Dearborn in the War of 1812

In 1812 President Madison appointed Dearborn senior major general of the US Army, and put him in charge of the northeastern sector from Niagara to the New England coast. Dearborn established his headquarters at Greenbush, across the Hudson River from Albany, but spent weeks away in Boston strengthening coastal defenses and trying to persuade New England governors to allow their militia to be used in an invasion of Canada. He did not succeed and the result was that he launched no major offensive against Lower Canada.

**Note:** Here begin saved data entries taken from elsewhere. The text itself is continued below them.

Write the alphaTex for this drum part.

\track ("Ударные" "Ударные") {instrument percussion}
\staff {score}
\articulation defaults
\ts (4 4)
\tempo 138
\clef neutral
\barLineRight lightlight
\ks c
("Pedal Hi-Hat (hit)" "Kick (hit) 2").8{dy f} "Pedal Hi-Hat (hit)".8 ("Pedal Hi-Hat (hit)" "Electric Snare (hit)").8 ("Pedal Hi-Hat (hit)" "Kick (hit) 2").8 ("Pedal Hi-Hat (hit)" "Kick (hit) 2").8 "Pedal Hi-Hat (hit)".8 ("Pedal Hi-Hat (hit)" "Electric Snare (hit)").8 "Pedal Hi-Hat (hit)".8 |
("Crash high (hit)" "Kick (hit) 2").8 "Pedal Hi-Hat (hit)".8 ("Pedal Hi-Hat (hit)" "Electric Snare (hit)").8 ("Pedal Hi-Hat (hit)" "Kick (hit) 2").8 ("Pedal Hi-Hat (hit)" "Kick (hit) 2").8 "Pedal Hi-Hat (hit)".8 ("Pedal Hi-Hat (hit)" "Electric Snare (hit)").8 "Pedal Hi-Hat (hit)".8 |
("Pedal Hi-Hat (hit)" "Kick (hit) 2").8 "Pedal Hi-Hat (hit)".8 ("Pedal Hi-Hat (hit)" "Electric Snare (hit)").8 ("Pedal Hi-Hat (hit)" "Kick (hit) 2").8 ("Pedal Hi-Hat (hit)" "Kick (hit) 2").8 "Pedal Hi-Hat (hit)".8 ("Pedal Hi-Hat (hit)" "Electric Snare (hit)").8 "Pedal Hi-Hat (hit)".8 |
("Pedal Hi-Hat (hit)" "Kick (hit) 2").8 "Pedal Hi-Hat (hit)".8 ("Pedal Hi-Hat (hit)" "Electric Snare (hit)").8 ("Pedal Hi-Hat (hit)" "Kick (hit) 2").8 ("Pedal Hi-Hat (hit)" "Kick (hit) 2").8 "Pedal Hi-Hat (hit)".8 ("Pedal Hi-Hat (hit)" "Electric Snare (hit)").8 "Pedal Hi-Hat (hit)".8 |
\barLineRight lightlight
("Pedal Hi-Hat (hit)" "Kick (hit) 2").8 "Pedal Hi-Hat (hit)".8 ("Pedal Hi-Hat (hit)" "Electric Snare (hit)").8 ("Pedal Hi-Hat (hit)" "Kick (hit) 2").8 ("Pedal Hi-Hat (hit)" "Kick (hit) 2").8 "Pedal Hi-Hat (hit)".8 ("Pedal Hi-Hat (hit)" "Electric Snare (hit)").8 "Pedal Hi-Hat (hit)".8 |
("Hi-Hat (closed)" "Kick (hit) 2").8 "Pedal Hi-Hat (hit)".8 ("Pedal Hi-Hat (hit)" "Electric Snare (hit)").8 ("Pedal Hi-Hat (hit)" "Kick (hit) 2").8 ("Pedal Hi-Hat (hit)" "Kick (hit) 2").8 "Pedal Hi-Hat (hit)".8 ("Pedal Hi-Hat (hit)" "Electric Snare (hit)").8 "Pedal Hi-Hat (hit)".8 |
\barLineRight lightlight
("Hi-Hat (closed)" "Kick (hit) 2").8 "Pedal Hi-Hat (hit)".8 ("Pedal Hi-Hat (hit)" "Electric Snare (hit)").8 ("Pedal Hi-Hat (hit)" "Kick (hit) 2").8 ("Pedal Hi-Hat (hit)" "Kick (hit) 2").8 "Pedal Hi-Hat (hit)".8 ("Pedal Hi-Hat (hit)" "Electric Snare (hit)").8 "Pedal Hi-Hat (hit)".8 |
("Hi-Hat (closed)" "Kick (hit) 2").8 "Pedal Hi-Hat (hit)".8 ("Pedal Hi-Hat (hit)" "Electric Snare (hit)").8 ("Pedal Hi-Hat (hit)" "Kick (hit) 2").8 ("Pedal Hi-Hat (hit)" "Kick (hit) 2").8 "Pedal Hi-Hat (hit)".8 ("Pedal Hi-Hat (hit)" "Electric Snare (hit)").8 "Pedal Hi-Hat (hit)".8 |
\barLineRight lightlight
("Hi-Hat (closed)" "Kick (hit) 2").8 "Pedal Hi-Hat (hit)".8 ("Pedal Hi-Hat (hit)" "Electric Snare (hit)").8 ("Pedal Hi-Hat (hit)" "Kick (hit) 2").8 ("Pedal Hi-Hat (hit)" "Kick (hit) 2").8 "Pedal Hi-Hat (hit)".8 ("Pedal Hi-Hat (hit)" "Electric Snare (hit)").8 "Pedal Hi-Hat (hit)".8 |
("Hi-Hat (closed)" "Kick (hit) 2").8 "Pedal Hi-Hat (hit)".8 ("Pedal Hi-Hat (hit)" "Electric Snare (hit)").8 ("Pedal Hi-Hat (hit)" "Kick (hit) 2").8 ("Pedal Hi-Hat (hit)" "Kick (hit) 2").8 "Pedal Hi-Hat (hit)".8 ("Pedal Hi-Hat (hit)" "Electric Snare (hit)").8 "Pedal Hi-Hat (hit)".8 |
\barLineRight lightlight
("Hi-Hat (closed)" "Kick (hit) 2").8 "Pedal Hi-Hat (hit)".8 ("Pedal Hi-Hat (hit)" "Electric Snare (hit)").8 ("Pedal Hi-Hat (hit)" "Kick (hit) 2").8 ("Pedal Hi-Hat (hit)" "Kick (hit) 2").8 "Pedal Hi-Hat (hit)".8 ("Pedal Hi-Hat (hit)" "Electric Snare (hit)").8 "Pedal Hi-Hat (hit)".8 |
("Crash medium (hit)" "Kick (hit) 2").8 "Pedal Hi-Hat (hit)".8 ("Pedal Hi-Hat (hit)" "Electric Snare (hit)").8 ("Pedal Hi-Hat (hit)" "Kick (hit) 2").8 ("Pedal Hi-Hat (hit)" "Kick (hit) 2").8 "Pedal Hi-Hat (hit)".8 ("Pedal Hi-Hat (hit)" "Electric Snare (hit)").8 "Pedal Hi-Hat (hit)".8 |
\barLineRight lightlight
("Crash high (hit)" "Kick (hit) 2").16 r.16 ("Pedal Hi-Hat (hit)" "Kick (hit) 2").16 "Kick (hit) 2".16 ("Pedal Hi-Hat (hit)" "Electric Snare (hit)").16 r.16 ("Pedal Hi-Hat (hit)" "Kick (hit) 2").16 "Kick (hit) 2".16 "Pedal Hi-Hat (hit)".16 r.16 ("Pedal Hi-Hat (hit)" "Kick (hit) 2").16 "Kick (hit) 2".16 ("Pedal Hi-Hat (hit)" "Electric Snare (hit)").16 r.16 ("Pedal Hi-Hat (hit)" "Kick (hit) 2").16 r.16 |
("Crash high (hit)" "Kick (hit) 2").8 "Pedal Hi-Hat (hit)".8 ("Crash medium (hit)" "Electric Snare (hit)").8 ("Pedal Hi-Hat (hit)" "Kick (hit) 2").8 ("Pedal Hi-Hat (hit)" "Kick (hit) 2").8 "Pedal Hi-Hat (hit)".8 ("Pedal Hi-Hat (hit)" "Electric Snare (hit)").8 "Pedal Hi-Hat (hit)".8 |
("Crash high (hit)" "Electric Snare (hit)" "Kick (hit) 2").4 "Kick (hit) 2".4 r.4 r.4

His leadership improved slightly in 1813, but instead of putting the main effort along the Lake Champlain route to attack Montréal or Québec City, American forces were scattered to the west. He commanded the successful attacks on York, the capital of Upper Canada, and on Fort George, but neither victory produced decisive results. Dearborn suffered repeatedly from illness and was relieved of his command in July 1813. He sat on General Hull’s court martial which he probably should not have done because his inaction in the summer of 1812 had meant that Isaac Brock could concentrate on attacking Detroit without worrying about an invasion of Lower Canada.

Dearborn was honorably discharged from the army in 1815 and remained active in politics in Massachusetts. Madison had nominated him for secretary of war, but after intense protest at the nomination Madison withdrew it. In 1822 President James Monroe sent him as minister to Portugal, a post which he held until 1824. He returned at his own request and retired to Roxbury, Massachusetts.

Dearborn was more effective as a follower than as a leader. His biographer concludes that he was moderately successful, “the near total failure of his military command in the War of 1812 being the notable exception.”